# EXERCISE:
Search through the entries for the word "then" and copy every line that has it.

++++ RECORDS FOR PROCESSING

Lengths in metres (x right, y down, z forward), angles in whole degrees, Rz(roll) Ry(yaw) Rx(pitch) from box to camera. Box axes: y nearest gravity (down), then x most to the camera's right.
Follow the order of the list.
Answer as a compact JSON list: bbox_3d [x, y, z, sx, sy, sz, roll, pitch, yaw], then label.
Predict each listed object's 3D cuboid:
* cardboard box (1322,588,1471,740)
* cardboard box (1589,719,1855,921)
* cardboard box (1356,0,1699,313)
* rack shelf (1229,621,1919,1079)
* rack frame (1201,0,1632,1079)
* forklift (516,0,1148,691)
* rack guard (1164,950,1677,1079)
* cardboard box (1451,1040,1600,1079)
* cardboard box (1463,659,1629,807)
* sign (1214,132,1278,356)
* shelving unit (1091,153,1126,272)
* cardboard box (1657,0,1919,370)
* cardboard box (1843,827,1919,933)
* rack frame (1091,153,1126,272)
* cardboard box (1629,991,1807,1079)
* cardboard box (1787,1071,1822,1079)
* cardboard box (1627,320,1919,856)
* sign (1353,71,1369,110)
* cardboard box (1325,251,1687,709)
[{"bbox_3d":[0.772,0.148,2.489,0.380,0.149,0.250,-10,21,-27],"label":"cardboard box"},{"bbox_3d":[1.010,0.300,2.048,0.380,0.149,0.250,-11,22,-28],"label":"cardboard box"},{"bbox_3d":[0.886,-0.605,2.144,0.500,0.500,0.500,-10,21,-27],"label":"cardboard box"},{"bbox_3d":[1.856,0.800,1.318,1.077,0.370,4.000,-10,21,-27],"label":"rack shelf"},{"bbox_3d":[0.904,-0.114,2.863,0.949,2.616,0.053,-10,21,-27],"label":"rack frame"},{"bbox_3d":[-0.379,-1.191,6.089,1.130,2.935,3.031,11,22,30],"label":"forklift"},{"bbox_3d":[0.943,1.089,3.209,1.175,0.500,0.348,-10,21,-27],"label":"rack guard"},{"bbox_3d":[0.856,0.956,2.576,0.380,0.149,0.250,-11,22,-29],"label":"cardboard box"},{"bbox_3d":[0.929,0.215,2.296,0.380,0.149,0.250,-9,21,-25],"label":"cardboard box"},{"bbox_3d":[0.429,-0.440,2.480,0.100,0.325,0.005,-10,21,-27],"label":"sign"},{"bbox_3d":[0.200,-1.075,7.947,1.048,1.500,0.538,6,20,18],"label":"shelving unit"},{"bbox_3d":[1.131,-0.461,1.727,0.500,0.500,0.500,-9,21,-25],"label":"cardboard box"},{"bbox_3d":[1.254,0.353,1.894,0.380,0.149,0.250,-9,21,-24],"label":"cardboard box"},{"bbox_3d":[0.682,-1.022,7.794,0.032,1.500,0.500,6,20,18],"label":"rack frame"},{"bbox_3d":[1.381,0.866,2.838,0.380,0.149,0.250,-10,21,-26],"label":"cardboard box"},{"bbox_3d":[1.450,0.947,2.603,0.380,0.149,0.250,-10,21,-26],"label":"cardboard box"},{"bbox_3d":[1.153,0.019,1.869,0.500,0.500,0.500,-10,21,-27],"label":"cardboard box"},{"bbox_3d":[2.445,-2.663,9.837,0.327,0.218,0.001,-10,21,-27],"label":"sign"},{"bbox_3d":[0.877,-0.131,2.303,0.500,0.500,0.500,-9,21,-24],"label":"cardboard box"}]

++++++++
++++ RECORDS FOR PROCESSING

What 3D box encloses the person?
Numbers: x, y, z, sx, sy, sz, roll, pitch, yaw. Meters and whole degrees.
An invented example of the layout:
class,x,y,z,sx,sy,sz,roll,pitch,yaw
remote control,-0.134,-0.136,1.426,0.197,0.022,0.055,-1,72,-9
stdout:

++++++++
++++ RECORDS FOR PROCESSING

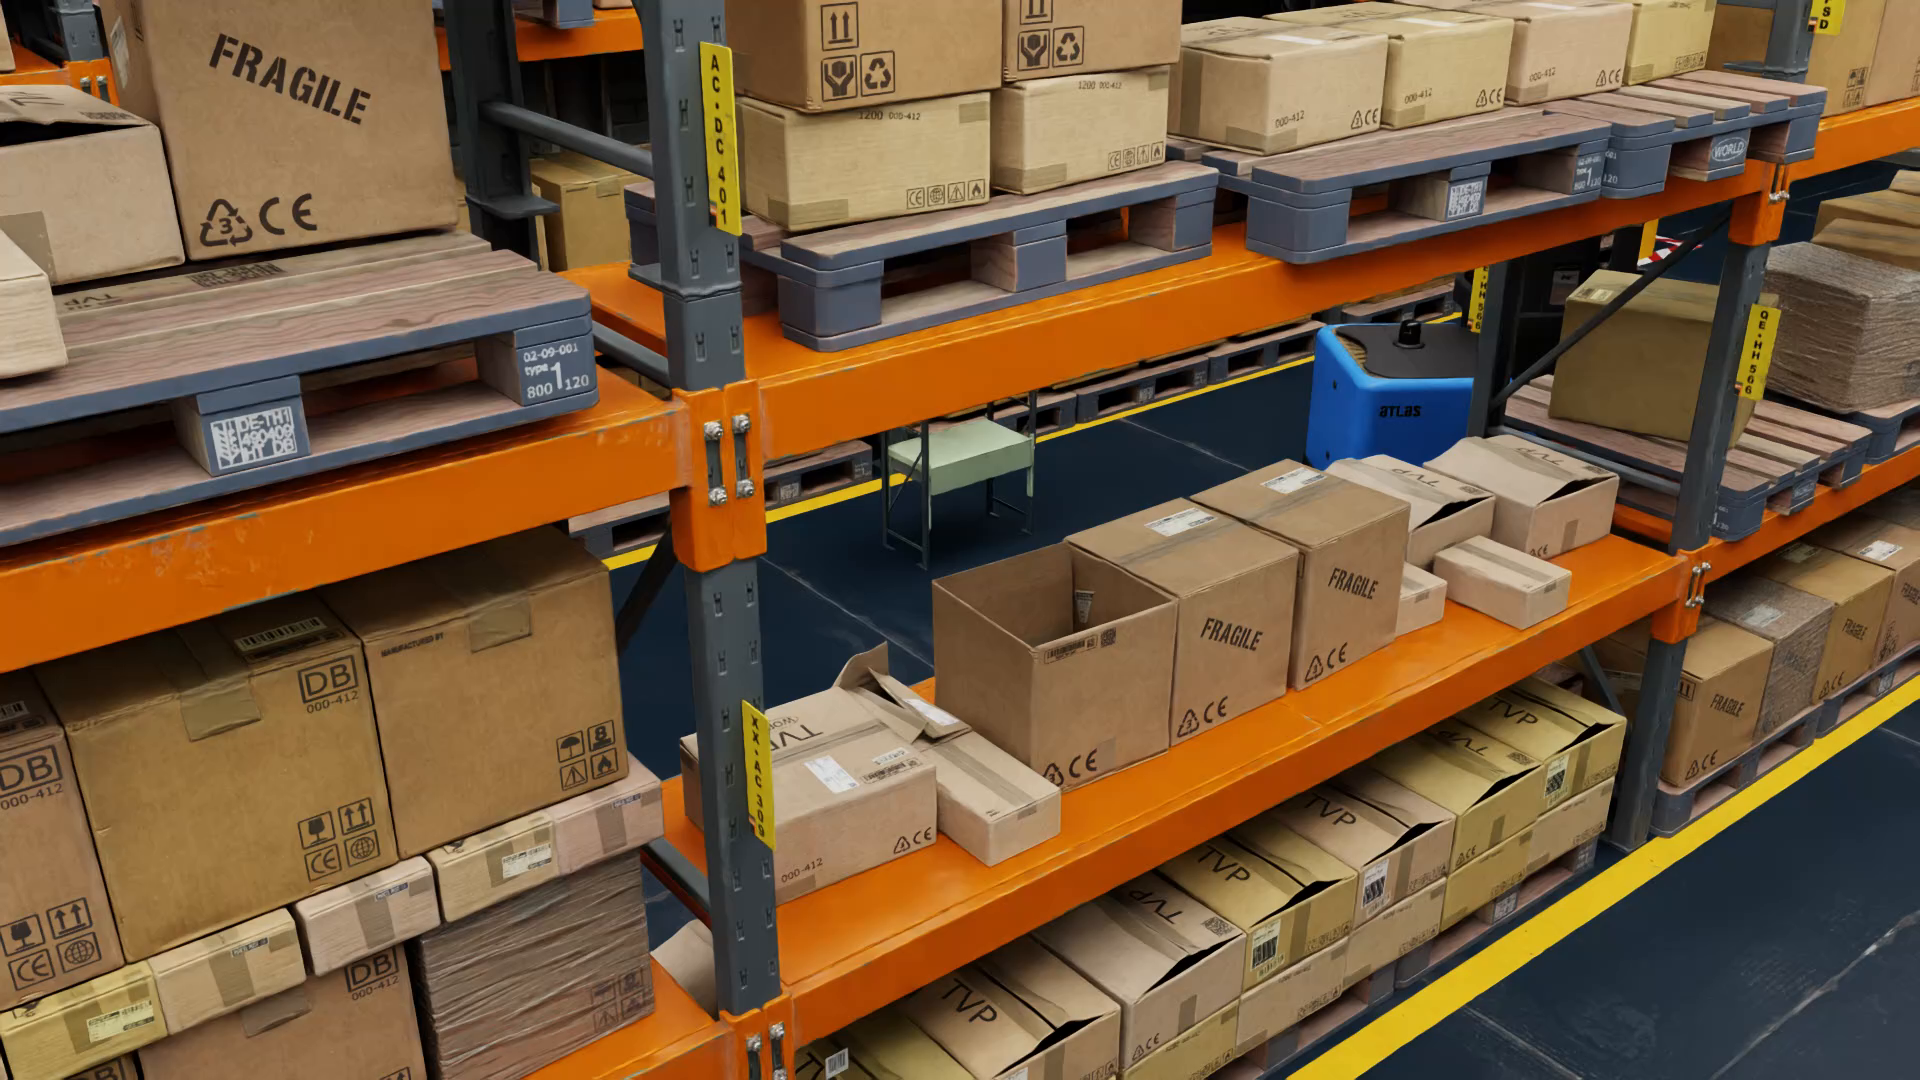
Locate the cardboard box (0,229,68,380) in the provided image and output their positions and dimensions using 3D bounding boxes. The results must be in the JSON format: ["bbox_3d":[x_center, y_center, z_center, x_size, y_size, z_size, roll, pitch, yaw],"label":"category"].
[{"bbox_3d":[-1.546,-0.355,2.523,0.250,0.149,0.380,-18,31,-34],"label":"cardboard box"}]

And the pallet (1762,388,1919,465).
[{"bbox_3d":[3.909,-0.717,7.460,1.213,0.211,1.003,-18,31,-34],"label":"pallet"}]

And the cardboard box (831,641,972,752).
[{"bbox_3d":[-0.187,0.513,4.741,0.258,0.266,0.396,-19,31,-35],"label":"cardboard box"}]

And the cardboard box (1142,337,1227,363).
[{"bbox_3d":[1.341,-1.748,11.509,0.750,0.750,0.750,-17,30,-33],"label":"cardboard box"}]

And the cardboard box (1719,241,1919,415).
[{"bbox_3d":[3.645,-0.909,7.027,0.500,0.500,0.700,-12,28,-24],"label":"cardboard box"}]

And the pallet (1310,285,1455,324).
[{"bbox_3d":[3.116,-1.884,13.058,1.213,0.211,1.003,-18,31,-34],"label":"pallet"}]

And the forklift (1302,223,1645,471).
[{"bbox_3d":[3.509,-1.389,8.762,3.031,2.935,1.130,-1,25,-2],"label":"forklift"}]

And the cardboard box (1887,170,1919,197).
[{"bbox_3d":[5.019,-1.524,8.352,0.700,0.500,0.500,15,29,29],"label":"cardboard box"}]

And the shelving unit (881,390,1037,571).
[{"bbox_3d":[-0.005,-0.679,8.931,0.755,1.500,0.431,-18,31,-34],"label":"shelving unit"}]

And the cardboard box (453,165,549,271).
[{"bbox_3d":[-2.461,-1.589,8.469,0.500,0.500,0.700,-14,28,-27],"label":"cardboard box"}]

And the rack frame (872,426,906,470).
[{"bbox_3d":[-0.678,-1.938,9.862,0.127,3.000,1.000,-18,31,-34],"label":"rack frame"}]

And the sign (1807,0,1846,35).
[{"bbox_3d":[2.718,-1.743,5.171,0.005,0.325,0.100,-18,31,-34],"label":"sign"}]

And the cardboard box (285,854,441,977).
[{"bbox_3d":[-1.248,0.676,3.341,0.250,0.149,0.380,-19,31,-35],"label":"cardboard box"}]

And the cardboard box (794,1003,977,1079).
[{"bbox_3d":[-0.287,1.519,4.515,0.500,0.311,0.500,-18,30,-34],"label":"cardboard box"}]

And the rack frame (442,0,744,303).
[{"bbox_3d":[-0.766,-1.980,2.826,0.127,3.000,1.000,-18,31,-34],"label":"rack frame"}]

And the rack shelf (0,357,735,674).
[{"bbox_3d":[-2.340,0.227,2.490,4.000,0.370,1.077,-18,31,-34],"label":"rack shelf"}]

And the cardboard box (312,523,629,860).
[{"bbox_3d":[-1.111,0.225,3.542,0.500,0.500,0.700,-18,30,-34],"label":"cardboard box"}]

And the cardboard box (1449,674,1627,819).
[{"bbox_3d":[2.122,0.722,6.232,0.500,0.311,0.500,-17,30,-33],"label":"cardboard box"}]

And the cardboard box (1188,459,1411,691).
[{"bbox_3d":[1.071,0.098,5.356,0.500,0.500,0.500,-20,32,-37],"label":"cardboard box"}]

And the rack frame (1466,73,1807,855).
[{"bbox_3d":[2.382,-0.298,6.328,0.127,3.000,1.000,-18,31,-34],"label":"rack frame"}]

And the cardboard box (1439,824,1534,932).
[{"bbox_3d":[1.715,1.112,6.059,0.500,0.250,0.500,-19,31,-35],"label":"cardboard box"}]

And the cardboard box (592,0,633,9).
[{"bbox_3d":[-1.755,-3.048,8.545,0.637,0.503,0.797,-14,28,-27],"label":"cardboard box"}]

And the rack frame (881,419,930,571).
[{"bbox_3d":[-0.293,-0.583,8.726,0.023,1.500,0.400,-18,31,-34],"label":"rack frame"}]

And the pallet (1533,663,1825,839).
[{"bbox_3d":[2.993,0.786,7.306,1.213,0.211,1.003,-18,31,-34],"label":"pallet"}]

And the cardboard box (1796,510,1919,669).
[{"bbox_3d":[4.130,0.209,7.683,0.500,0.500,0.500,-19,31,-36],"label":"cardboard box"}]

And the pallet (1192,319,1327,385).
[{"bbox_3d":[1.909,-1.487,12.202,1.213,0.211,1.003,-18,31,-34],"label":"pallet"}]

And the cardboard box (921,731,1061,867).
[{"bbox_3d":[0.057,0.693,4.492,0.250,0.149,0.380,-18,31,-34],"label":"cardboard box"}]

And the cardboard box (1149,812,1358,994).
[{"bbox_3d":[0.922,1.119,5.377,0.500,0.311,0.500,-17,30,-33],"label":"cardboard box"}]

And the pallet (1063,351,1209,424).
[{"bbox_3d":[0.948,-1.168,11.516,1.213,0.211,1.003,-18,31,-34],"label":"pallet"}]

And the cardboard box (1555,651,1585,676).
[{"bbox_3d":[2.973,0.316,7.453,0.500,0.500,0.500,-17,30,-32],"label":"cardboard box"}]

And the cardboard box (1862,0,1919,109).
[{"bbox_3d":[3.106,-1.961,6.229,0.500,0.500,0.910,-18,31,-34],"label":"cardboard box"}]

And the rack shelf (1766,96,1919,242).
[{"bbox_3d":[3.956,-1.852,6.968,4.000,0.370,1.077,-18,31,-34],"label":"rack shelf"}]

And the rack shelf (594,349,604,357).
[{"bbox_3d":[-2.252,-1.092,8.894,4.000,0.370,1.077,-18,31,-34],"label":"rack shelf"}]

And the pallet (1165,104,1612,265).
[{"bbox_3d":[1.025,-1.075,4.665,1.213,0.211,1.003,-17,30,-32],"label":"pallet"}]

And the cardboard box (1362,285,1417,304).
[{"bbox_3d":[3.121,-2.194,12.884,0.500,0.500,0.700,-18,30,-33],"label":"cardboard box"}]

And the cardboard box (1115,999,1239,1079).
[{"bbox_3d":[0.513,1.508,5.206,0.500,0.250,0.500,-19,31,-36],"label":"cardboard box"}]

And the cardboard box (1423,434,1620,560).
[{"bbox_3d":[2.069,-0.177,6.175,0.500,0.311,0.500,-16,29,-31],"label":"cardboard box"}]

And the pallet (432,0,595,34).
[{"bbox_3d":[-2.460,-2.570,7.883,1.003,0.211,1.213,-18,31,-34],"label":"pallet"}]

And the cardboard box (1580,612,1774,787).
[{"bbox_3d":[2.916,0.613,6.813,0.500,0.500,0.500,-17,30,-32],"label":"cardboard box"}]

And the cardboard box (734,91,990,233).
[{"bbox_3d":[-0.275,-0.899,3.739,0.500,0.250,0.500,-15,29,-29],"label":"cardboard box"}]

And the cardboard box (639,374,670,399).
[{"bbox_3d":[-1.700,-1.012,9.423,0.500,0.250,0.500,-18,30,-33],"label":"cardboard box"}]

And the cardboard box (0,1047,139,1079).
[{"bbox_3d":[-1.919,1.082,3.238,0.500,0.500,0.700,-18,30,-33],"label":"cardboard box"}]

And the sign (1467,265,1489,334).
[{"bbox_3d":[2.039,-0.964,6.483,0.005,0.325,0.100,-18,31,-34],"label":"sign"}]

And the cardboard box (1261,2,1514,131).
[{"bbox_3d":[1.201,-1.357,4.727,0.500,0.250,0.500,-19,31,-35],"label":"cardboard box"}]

++++++++

# PROBLEM SOLUTION:
Lengths in metres (x right, y down, z forward), angles in whole degrees, Rz(roll) Ry(yaw) Rx(pitch) from box to camera. Box axes: y nearest gravity (down), then x most to the camera's right.
Answer as a compact JSON list: bbox_3d [x, y, z, sx, sy, sz, roll, pitch, yaw], then label.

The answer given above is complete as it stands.